### Dataset
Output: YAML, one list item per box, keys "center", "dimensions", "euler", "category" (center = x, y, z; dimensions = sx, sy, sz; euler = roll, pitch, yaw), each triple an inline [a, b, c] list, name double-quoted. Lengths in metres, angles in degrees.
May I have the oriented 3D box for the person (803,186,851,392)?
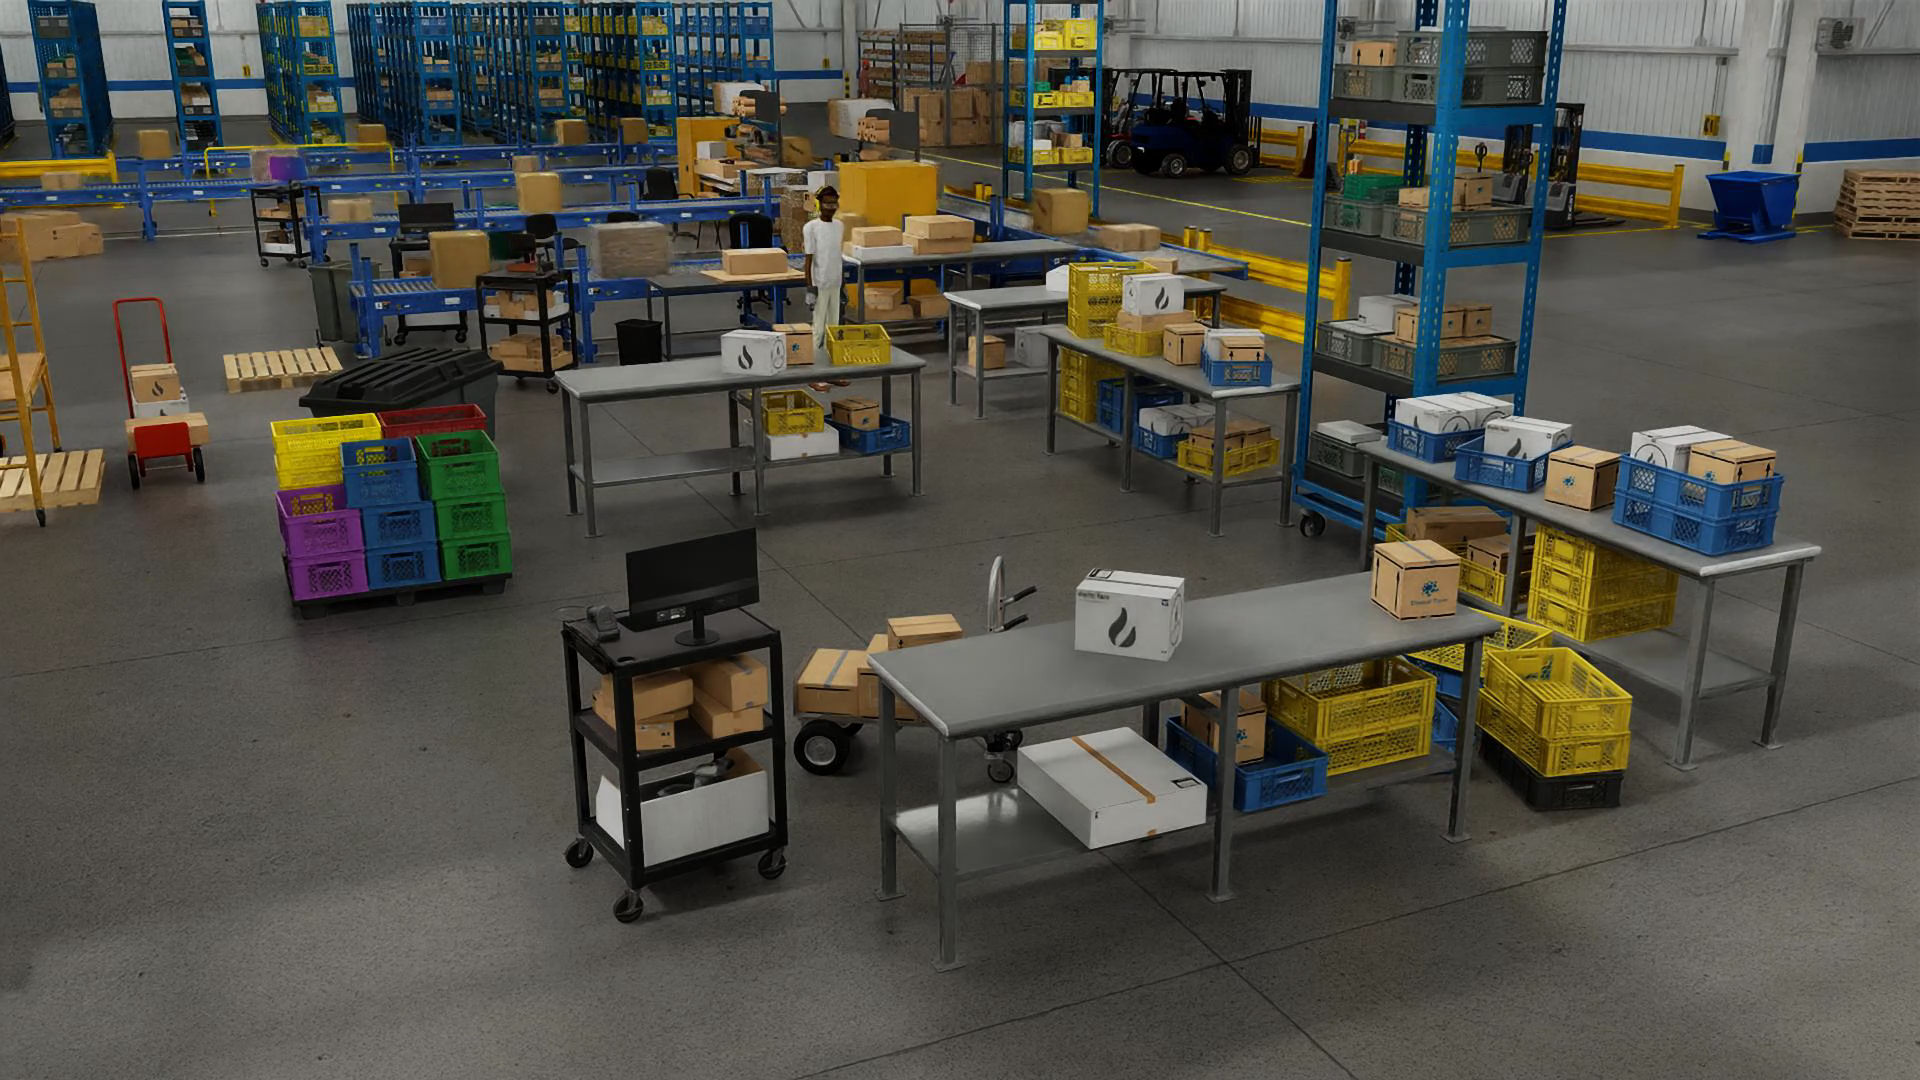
- center: [-1.214, -2.300, 15.229]
  dimensions: [0.312, 1.865, 0.535]
  euler: [13, 22, 35]
  category: "person"

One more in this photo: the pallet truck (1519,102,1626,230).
- center: [9.972, -6.037, 26.785]
  dimensions: [1.885, 1.965, 0.823]
  euler: [-9, 20, -25]
  category: "pallet truck"

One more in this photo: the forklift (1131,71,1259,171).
- center: [4.998, -8.936, 35.413]
  dimensions: [2.680, 1.987, 1.157]
  euler: [-9, 20, -25]
  category: "forklift"

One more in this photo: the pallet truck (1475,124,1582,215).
- center: [9.707, -6.455, 28.103]
  dimensions: [1.885, 1.965, 0.823]
  euler: [-7, 19, -20]
  category: "pallet truck"

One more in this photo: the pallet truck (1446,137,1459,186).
- center: [9.184, -6.485, 29.328]
  dimensions: [1.630, 1.274, 0.653]
  euler: [-8, 19, -23]
  category: "pallet truck"

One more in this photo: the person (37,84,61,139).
- center: [-24.994, -11.937, 45.715]
  dimensions: [0.616, 1.776, 0.996]
  euler: [-7, 19, -21]
  category: "person"

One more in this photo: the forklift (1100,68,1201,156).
- center: [4.082, -9.564, 37.410]
  dimensions: [2.680, 1.987, 1.157]
  euler: [-8, 19, -23]
  category: "forklift"

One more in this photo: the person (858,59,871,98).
- center: [-2.897, -13.608, 50.637]
  dimensions: [0.391, 1.995, 0.613]
  euler: [-4, 18, -14]
  category: "person"

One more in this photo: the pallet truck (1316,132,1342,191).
- center: [7.723, -7.504, 32.656]
  dimensions: [1.601, 1.201, 0.680]
  euler: [-8, 19, -23]
  category: "pallet truck"

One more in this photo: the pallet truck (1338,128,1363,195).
- center: [7.845, -7.140, 31.411]
  dimensions: [1.522, 1.261, 0.704]
  euler: [-9, 20, -25]
  category: "pallet truck"
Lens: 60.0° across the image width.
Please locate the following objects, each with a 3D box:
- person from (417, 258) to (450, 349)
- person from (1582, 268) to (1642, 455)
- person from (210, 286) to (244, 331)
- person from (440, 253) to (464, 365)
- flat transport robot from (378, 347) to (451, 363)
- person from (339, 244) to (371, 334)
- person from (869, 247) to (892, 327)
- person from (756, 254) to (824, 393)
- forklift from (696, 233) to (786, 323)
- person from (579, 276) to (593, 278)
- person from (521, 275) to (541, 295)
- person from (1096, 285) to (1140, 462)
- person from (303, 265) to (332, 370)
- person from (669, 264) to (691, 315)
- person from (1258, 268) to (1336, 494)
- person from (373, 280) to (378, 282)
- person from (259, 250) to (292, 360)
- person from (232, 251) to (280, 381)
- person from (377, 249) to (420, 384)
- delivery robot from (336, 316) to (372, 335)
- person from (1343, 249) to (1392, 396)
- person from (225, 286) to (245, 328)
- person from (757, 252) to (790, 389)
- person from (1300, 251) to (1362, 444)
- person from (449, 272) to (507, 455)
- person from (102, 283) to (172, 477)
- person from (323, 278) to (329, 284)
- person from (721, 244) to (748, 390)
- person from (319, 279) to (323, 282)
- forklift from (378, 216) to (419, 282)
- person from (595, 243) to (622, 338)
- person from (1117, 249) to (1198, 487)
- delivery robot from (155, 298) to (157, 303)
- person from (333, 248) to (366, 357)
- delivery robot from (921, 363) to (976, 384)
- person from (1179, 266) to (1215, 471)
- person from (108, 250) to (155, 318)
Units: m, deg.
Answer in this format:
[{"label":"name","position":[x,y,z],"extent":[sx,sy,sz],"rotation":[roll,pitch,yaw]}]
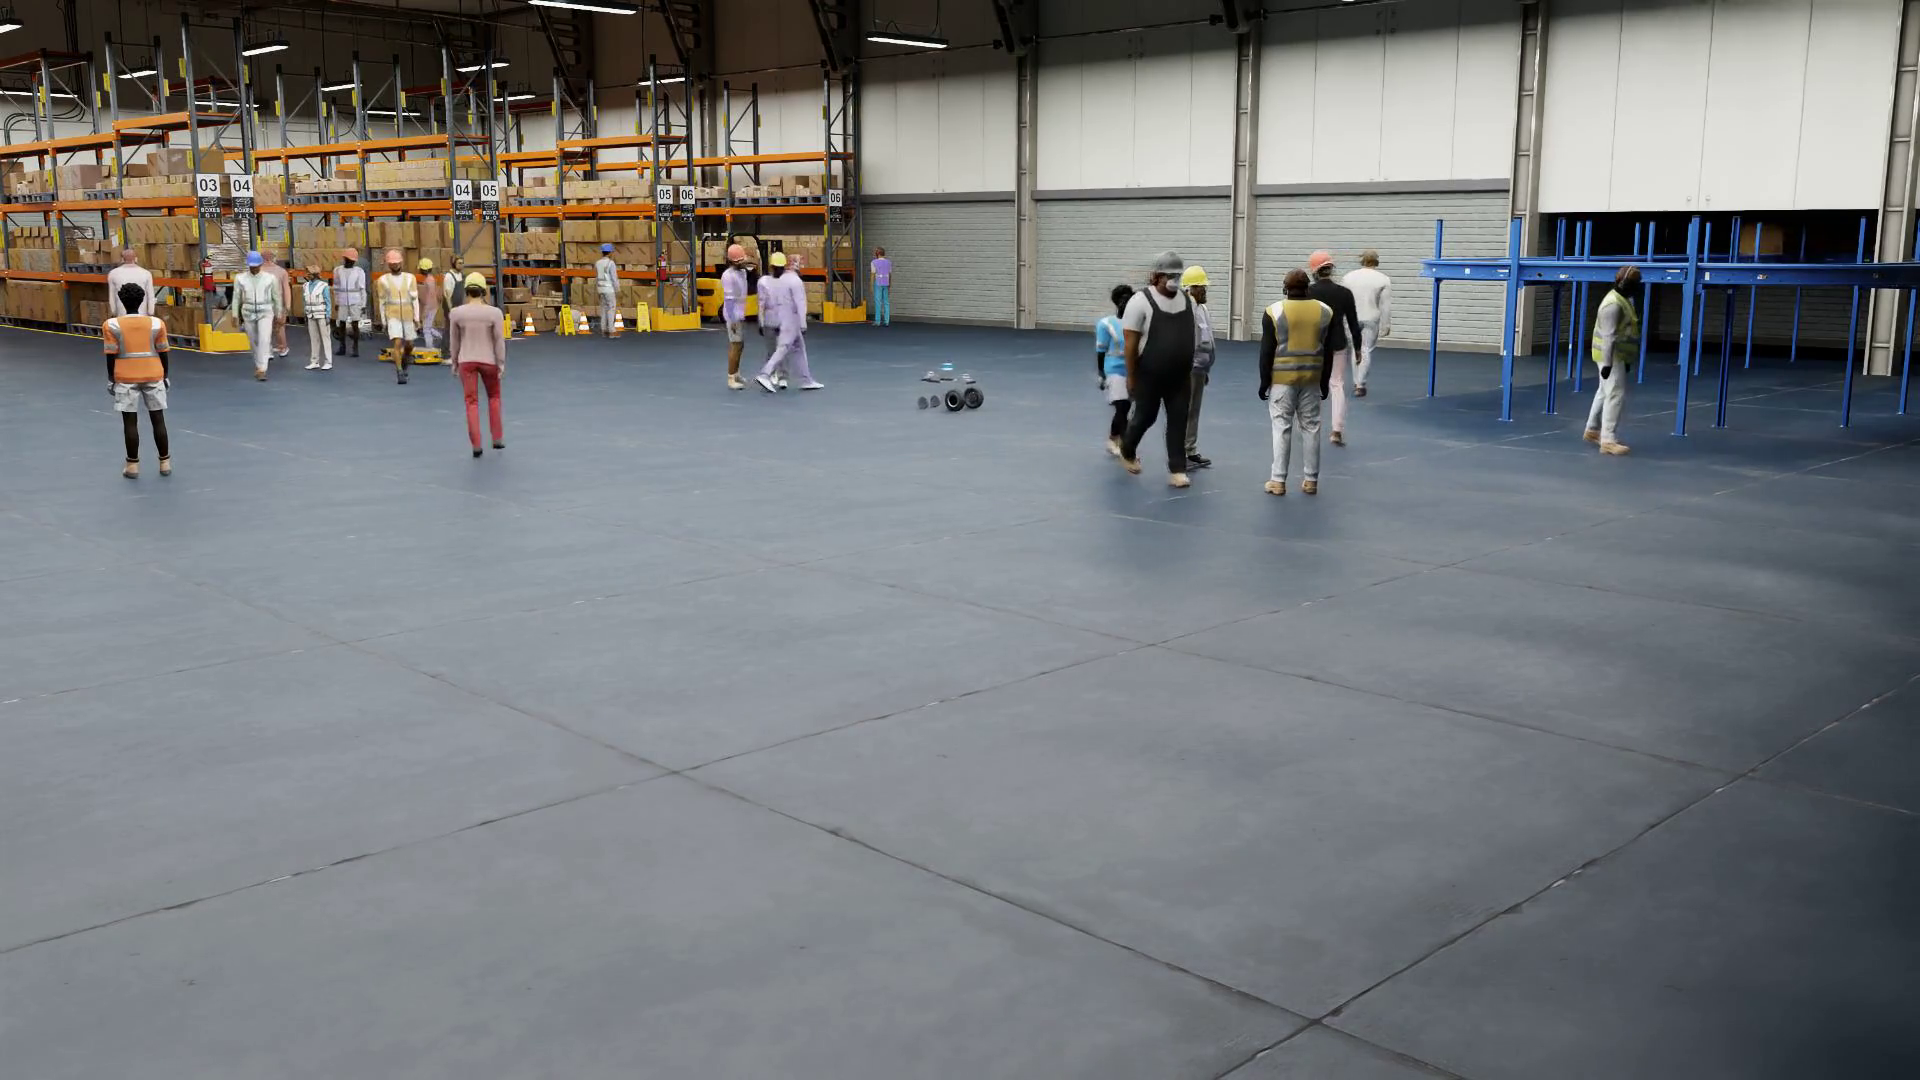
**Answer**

### Problem description
Every line of the material above that has the string "roll" needs pulling out.

### Solved exercise
Output: YAML, one list item per box, keys "center", "dimensions", "euler", "category" (center = x, y, z; dimensions = sx, sy, sz; euler = roll, pitch, yaw), each triple an inline [a, b, c] list, name double-quoted. Lengths in metres, angles in degrees.
[{"label":"name","position":[x,y,z],"extent":[sx,sy,sz],"rotation":[roll,pitch,yaw]}]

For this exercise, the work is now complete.